Frames (a,b) show, respectively, the coupling constant (λ(T)) and the logarithmically averaged frequency (ω_ln(T)) of the extracted I²χ(ω) from the loose and tight fits for the input single and double Gaussian peaks. Frames (c,d) show, respectively, the coupling constant (λ(σ)) and the averaged frequency (ω_ln(σ)) of the extracted I²χ(ω) using five different qualities (σ) of fits for the input single Gaussian peak at 300 K. Frames (e,f) display, respectively, the coupling constant (λ) and the averaged frequency (ω_ln) of the extracted I²χ(ω) with seven misfit parameters (σ) from the optical scattering rate included the random noises of amplitude of 1 meV for the input single Gaussian peak at 300 K. Frames (g,h) display the same quantities as in frames (e,f) except for a larger amplitude of random noise with 5 meV.

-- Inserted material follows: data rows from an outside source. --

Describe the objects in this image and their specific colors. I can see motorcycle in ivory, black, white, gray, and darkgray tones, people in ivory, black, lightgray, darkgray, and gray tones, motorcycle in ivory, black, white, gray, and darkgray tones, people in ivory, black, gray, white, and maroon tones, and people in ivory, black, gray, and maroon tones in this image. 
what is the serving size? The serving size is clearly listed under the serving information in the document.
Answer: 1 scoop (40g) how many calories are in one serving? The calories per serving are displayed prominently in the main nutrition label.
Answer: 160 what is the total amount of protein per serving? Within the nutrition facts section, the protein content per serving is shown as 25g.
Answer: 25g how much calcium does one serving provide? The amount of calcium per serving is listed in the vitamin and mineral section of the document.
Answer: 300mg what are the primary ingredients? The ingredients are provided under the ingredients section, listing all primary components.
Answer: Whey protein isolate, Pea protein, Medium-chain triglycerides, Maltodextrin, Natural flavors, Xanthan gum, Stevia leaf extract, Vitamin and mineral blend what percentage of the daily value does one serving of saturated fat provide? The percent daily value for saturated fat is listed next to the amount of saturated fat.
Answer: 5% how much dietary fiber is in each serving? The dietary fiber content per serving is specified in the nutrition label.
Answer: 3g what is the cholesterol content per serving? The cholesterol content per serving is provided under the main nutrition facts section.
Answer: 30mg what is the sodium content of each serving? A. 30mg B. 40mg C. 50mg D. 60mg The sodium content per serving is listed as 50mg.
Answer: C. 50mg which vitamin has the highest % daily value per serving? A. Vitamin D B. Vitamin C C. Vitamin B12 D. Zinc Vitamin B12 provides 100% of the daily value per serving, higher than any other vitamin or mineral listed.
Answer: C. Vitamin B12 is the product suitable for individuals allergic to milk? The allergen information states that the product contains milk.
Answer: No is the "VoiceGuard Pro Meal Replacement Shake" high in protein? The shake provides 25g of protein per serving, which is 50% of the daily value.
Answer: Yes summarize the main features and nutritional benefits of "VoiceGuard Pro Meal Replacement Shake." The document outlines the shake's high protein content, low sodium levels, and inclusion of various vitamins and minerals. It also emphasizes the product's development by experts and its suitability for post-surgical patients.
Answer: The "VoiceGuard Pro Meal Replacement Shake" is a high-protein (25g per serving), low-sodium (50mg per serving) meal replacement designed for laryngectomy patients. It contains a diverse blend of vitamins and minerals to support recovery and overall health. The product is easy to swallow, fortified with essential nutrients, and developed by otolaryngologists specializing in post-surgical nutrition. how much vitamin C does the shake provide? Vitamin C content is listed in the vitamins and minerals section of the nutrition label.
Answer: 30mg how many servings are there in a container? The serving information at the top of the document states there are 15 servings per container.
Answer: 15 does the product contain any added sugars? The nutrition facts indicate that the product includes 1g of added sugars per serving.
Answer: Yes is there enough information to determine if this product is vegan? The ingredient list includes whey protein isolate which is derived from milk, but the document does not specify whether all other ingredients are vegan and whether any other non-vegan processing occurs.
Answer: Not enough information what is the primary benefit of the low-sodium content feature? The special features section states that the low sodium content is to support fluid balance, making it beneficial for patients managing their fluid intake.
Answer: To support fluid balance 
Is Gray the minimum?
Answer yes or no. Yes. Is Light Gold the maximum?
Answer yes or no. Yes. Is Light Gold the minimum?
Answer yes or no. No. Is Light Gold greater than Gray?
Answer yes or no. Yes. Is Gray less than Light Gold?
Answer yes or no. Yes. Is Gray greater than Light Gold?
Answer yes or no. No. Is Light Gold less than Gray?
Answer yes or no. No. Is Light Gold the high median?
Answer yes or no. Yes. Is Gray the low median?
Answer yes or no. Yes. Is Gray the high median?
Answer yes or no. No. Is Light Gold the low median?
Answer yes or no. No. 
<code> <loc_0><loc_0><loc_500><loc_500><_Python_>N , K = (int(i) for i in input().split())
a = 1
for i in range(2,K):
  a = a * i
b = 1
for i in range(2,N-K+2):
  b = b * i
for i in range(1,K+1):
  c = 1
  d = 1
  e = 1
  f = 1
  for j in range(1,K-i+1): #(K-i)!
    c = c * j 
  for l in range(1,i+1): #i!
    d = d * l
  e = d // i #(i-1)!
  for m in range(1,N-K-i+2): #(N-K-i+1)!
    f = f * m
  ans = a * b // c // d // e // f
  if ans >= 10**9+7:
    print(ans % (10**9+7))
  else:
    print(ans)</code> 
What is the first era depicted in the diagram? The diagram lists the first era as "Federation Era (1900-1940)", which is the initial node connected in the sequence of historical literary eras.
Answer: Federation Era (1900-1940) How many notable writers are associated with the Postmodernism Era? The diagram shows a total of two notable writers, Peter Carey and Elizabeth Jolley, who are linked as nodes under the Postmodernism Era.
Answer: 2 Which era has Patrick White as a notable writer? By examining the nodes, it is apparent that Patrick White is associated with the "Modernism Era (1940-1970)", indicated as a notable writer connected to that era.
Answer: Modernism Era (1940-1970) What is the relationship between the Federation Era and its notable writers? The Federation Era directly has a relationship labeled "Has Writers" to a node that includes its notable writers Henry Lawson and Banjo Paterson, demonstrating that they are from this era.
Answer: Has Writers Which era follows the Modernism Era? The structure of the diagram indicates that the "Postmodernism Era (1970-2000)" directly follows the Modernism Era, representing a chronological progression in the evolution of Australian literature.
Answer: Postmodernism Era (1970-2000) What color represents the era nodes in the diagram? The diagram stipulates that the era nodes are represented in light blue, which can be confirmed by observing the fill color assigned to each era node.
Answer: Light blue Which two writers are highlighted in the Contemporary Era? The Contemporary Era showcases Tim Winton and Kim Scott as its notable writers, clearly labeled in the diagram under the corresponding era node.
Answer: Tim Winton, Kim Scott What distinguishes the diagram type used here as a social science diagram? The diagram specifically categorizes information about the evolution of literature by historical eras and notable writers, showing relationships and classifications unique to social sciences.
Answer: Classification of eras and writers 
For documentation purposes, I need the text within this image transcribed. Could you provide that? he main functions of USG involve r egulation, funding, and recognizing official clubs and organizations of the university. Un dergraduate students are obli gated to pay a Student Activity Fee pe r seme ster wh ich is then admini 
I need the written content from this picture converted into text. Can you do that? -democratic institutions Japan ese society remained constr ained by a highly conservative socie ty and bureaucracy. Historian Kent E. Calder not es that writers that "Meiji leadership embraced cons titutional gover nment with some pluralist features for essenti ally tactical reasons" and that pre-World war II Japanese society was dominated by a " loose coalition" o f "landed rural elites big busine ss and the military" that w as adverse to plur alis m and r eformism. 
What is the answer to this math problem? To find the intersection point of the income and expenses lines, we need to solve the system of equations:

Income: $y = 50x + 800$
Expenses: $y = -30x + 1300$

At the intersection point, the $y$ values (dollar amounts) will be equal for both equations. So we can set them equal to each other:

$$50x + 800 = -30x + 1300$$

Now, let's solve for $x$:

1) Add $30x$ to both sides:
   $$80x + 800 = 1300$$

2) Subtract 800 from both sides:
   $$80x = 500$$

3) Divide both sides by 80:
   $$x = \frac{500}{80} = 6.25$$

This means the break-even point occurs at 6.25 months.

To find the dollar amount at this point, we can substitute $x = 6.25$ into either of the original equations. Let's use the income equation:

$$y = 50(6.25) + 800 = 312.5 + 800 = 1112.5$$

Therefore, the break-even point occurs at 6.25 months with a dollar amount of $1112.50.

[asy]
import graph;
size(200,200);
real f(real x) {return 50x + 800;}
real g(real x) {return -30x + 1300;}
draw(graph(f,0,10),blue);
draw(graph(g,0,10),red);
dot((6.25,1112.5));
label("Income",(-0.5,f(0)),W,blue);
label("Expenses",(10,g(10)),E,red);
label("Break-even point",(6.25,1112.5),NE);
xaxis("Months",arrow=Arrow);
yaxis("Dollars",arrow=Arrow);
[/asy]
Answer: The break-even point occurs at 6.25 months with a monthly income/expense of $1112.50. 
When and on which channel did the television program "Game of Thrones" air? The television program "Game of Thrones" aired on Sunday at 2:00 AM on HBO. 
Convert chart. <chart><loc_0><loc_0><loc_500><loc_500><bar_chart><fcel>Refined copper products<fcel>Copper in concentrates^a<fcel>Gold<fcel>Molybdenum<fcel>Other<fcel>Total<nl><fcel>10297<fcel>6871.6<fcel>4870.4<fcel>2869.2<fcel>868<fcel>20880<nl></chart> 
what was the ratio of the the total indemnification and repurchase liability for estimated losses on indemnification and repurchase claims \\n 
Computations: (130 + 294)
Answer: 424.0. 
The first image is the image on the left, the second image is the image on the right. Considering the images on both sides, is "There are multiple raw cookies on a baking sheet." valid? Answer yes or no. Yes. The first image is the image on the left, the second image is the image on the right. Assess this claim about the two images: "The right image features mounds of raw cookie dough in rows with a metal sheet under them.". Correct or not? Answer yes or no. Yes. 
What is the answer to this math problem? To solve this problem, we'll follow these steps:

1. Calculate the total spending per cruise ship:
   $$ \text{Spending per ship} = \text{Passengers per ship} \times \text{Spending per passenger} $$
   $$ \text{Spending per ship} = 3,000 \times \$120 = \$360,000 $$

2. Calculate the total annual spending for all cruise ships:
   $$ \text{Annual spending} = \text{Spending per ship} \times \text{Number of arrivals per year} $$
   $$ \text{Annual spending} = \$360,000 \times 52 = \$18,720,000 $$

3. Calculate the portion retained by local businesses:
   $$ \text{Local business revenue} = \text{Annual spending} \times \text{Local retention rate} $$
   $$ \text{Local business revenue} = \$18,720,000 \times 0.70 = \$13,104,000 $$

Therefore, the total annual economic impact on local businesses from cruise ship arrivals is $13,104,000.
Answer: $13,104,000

Application to Real Material Systems and Discussion

Now we look up two Bi-based cuprate systems: one is an optimally doped Bi₂Sr₂CaCu₂O_8+δ (Bi2212) with T_c = 96 K and the other an underdoped Bi2212 with T_c = 69 K. We denoted them as, respectively, Bi2212-OPT96A and Bi2212-UD69. These two systems have been analyzed using a similar approach and the studies have been published already^12,20. However here we focus on the issue whether these material systems contain intrinsic temperature-dependent evolutions or their temperature-dependent properties are byproducts of the inversion process. To resolve the issue explicitly we reanalyzed Bi2212-OPT96A data with two different qualities of fits using the maximum entropy method and analyze Bi2212-UD69 data, for the first time, using the maximum entropy inversion process.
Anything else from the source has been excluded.